Each line below is to be repeated exactly; any picture is to be left out.

(Stored data entries)
++++++

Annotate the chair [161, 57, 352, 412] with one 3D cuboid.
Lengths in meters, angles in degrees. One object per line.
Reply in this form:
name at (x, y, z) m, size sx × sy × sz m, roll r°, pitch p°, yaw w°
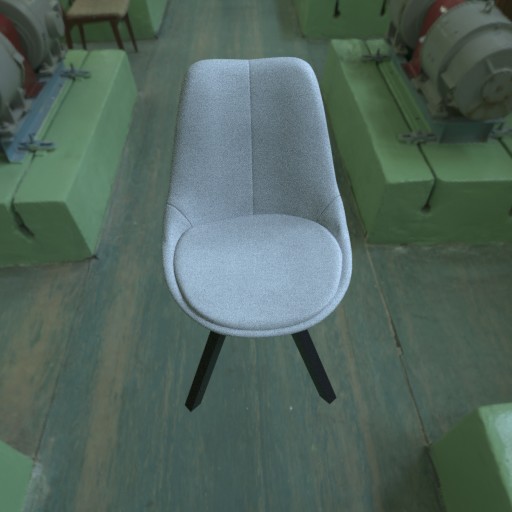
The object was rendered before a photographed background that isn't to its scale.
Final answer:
chair at (0.000, 0.000, 1.198) m, size 0.485 × 0.850 × 0.550 m, roll -3°, pitch 47°, yaw -3°
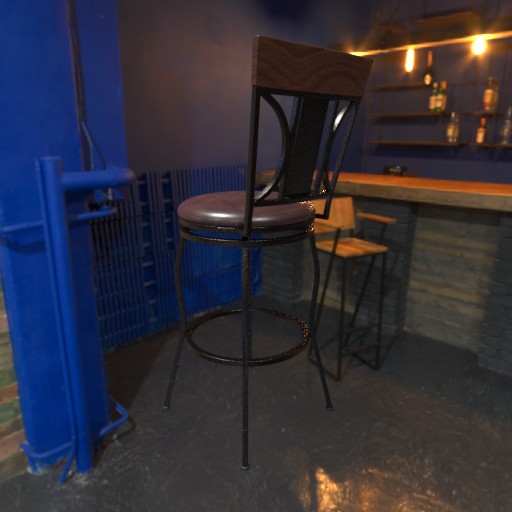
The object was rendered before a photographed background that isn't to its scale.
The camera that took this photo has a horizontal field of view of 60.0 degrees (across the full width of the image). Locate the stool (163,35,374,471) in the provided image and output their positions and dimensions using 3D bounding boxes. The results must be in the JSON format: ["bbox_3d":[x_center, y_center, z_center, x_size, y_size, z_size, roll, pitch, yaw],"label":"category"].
[{"bbox_3d":[0.000,0.000,1.379,0.448,1.130,0.513,-15,21,-42],"label":"stool"}]
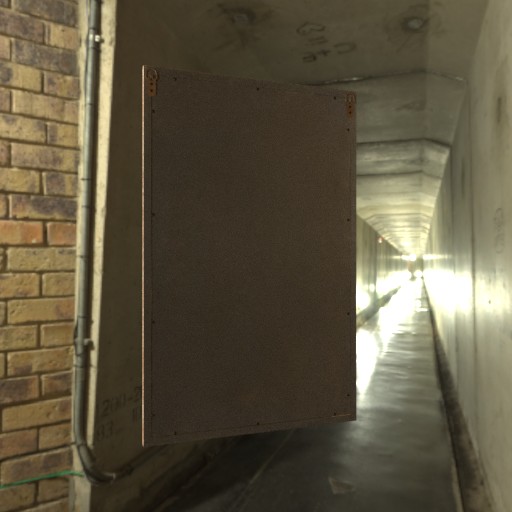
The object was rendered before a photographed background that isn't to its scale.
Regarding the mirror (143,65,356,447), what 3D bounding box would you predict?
[{"bbox_3d":[0.000,0.000,0.999,0.495,0.787,0.058,0,0,-17],"label":"mirror"}]
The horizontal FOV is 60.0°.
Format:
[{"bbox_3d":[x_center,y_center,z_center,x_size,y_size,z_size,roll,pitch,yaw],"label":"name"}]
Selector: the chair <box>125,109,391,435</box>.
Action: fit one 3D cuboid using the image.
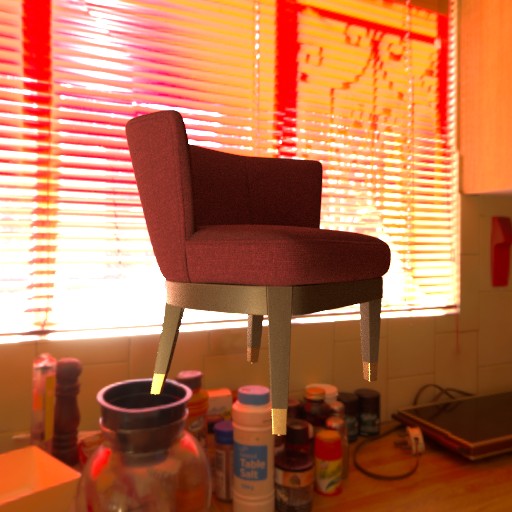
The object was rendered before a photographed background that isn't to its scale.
[{"bbox_3d":[0.000,0.000,1.294,0.660,0.760,0.700,0,0,36],"label":"chair"}]
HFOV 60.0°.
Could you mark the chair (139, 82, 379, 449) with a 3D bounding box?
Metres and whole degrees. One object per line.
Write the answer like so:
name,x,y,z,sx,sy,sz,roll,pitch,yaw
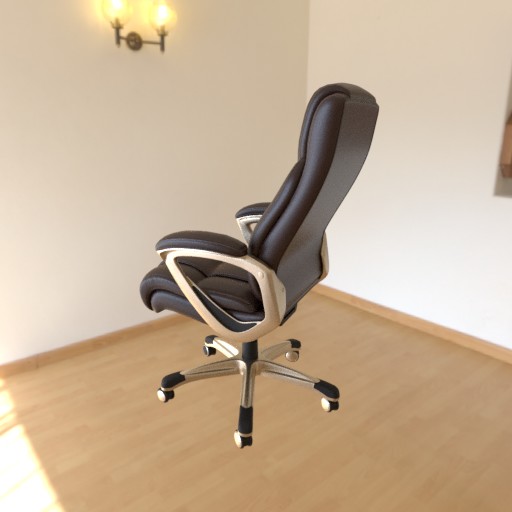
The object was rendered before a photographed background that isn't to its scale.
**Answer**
chair,0.000,0.000,1.675,0.749,1.194,0.692,8,18,24
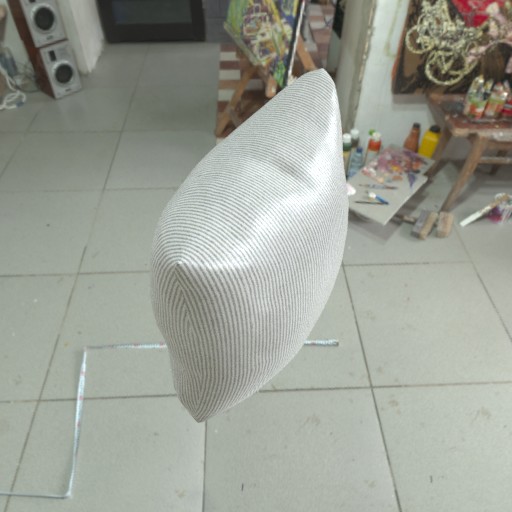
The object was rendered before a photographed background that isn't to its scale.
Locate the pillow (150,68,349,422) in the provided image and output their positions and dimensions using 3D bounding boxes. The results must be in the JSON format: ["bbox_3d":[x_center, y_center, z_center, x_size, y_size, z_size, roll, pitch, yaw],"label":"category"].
[{"bbox_3d":[0.000,0.000,0.702,0.387,0.432,0.310,-24,51,-21],"label":"pillow"}]
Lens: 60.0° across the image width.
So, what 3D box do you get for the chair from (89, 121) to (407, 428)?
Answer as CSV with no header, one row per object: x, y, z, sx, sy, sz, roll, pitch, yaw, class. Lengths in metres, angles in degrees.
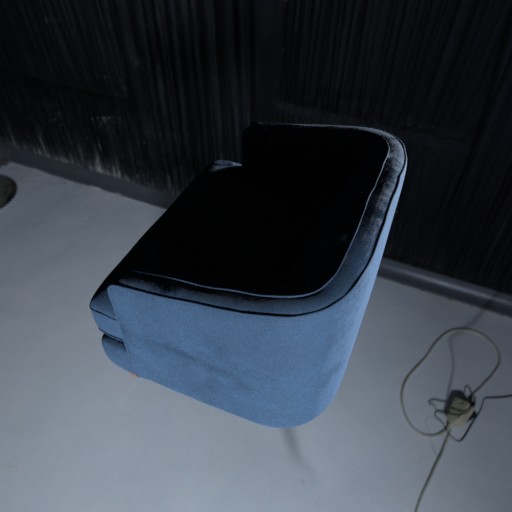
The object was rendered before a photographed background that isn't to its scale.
0.000,0.000,1.802,0.940,0.852,1.094,17,48,16,chair
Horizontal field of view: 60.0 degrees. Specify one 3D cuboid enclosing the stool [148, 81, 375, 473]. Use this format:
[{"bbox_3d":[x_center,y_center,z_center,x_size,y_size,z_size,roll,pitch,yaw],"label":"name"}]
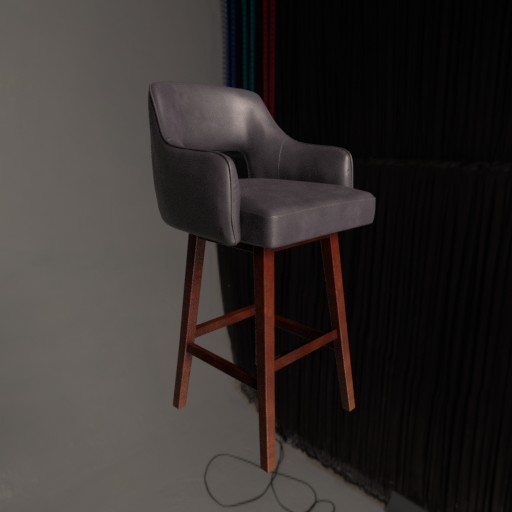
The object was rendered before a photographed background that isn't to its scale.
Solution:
[{"bbox_3d":[0.000,0.000,1.375,0.560,1.041,0.550,15,21,43],"label":"stool"}]
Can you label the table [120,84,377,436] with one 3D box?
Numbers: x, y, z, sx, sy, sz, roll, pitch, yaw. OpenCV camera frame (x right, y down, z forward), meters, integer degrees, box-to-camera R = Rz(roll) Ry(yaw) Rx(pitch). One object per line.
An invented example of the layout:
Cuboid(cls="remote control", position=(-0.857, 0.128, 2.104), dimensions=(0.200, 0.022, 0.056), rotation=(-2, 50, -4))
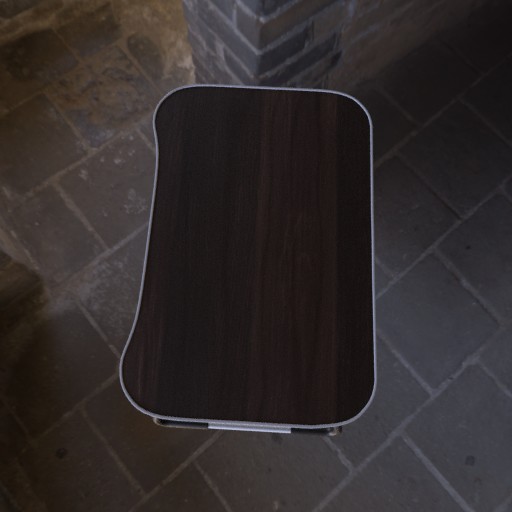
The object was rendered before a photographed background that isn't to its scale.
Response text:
Cuboid(cls="table", position=(0.000, 0.000, 0.860), dimensions=(0.400, 0.232, 0.660), rotation=(3, 74, 1))
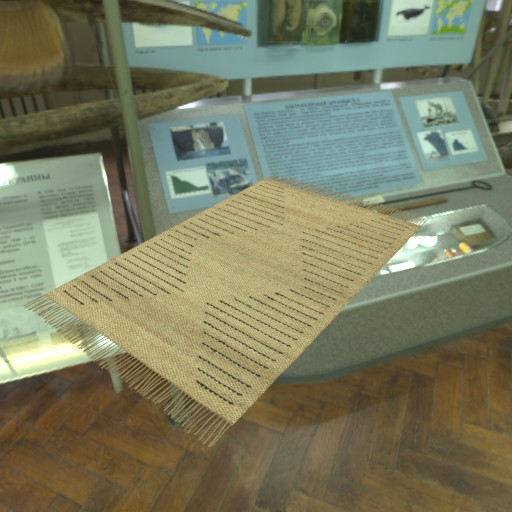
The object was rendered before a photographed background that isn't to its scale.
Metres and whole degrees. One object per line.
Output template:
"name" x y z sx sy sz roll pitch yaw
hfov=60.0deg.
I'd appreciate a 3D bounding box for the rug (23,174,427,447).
"rug" 0.000 0.000 2.491 1.224 0.027 2.085 23 40 31
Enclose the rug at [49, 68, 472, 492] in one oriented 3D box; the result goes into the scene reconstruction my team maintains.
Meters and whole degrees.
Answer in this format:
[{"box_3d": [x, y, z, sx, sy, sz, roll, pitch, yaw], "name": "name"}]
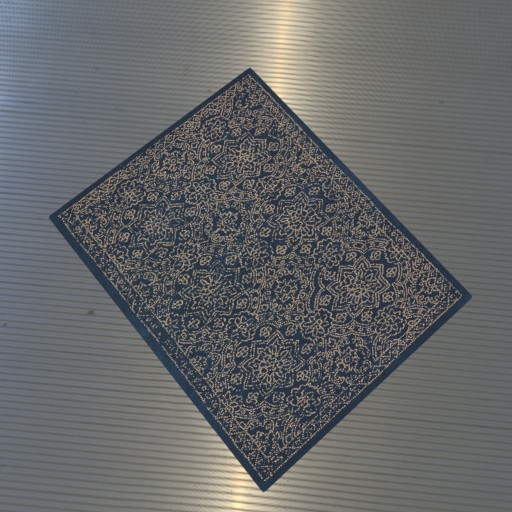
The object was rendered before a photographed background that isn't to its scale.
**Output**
[{"box_3d": [0.000, 0.000, 3.996, 2.438, 0.010, 3.048, -40, 80, -9], "name": "rug"}]
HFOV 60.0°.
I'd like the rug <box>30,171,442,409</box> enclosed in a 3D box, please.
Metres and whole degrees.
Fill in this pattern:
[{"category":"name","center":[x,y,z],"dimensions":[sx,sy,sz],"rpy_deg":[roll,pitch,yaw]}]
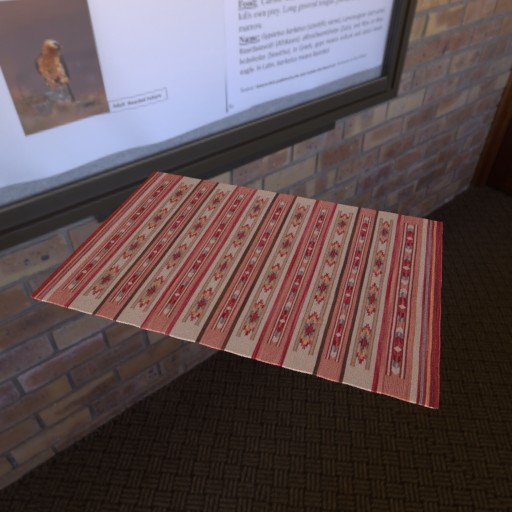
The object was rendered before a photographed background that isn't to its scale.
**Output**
[{"category":"rug","center":[0.000,0.000,2.284],"dimensions":[1.817,0.008,1.223],"rpy_deg":[12,42,14]}]
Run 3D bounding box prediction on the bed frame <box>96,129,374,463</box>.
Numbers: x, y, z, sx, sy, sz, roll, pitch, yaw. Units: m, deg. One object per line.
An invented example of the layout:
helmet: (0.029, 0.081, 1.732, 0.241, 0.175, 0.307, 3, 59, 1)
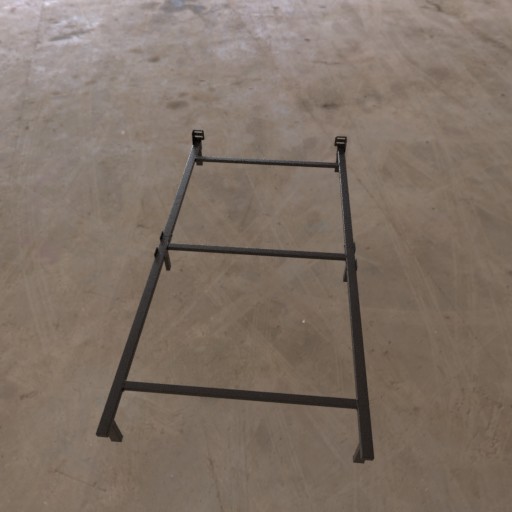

++++++

| RESULT |
Annotate the chair [161, 57, 352, 412] with one 3D cuboid.
Lengths in meters, angles in degrees. One object per line.
Reply in this form:
name at (x, y, z) m, size sx × sy × sz m, roll r°, pitch p°, yaw w°
The object was rendered before a photographed background that isn't to its scale.
Final answer:
chair at (0.000, 0.000, 1.198) m, size 0.485 × 0.850 × 0.550 m, roll -3°, pitch 47°, yaw -3°
The object was rendered before a photographed background that isn't to its scale.
The camera that took this photo has a horizontal field of view of 60.0 degrees (across the full width of the image). Locate the stool (163,35,374,471) in the provided image and output their positions and dimensions using 3D bounding boxes. The results must be in the JSON format: ["bbox_3d":[x_center, y_center, z_center, x_size, y_size, z_size, roll, pitch, yaw],"label":"category"].
[{"bbox_3d":[0.000,0.000,1.379,0.448,1.130,0.513,-15,21,-42],"label":"stool"}]
The object was rendered before a photographed background that isn't to its scale.
Regarding the mirror (143,65,356,447), what 3D bounding box would you predict?
[{"bbox_3d":[0.000,0.000,0.999,0.495,0.787,0.058,0,0,-17],"label":"mirror"}]
The horizontal FOV is 60.0°.
Format:
[{"bbox_3d":[x_center,y_center,z_center,x_size,y_size,z_size,roll,pitch,yaw],"label":"name"}]
Selector: the chair <box>125,109,391,435</box>.
Action: fit one 3D cuboid using the image.
The object was rendered before a photographed background that isn't to its scale.
[{"bbox_3d":[0.000,0.000,1.294,0.660,0.760,0.700,0,0,36],"label":"chair"}]
HFOV 60.0°.
Could you mark the chair (139, 82, 379, 449) with a 3D bounding box?
Metres and whole degrees. One object per line.
Write the answer like so:
name,x,y,z,sx,sy,sz,roll,pitch,yaw
The object was rendered before a photographed background that isn't to its scale.
**Answer**
chair,0.000,0.000,1.675,0.749,1.194,0.692,8,18,24
The object was rendered before a photographed background that isn't to its scale.
Locate the pillow (150,68,349,422) in the provided image and output their positions and dimensions using 3D bounding boxes. The results must be in the JSON format: ["bbox_3d":[x_center, y_center, z_center, x_size, y_size, z_size, roll, pitch, yaw],"label":"category"].
[{"bbox_3d":[0.000,0.000,0.702,0.387,0.432,0.310,-24,51,-21],"label":"pillow"}]
Lens: 60.0° across the image width.
So, what 3D box do you get for the chair from (89, 121) to (407, 428)?
Answer as CSV with no header, one row per object: x, y, z, sx, sy, sz, roll, pitch, yaw, class. Lengths in metres, angles in degrees.
The object was rendered before a photographed background that isn't to its scale.
0.000,0.000,1.802,0.940,0.852,1.094,17,48,16,chair
Horizontal field of view: 60.0 degrees. Specify one 3D cuboid enclosing the stool [148, 81, 375, 473]. Use this format:
[{"bbox_3d":[x_center,y_center,z_center,x_size,y_size,z_size,roll,pitch,yaw],"label":"name"}]
The object was rendered before a photographed background that isn't to its scale.
Solution:
[{"bbox_3d":[0.000,0.000,1.375,0.560,1.041,0.550,15,21,43],"label":"stool"}]
Can you label the table [120,84,377,436] with one 3D box?
Numbers: x, y, z, sx, sy, sz, roll, pitch, yaw. OpenCV camera frame (x right, y down, z forward), meters, integer degrees, box-to-camera R = Rz(roll) Ry(yaw) Rx(pitch). One object per line.
An invented example of the layout:
Cuboid(cls="remote control", position=(-0.857, 0.128, 2.104), dimensions=(0.200, 0.022, 0.056), rotation=(-2, 50, -4))
The object was rendered before a photographed background that isn't to its scale.
Response text:
Cuboid(cls="table", position=(0.000, 0.000, 0.860), dimensions=(0.400, 0.232, 0.660), rotation=(3, 74, 1))
The object was rendered before a photographed background that isn't to its scale.
Metres and whole degrees. One object per line.
Output template:
"name" x y z sx sy sz roll pitch yaw
hfov=60.0deg.
I'd appreciate a 3D bounding box for the rug (23,174,427,447).
"rug" 0.000 0.000 2.491 1.224 0.027 2.085 23 40 31
Enclose the rug at [49, 68, 472, 492] in one oriented 3D box; the result goes into the scene reconstruction my team maintains.
Meters and whole degrees.
Answer in this format:
[{"box_3d": [x, y, z, sx, sy, sz, roll, pitch, yaw], "name": "name"}]
The object was rendered before a photographed background that isn't to its scale.
**Output**
[{"box_3d": [0.000, 0.000, 3.996, 2.438, 0.010, 3.048, -40, 80, -9], "name": "rug"}]
HFOV 60.0°.
I'd like the rug <box>30,171,442,409</box> enclosed in a 3D box, please.
Metres and whole degrees.
Fill in this pattern:
[{"category":"name","center":[x,y,z],"dimensions":[sx,sy,sz],"rpy_deg":[roll,pitch,yaw]}]
The object was rendered before a photographed background that isn't to its scale.
**Output**
[{"category":"rug","center":[0.000,0.000,2.284],"dimensions":[1.817,0.008,1.223],"rpy_deg":[12,42,14]}]
Run 3D bounding box prediction on the bed frame <box>96,129,374,463</box>.
Numbers: x, y, z, sx, sy, sz, roll, pitch, yaw. Units: m, deg. One object per line.
An invented example of the layout:
helmet: (0.029, 0.081, 1.732, 0.241, 0.175, 0.307, 3, 59, 1)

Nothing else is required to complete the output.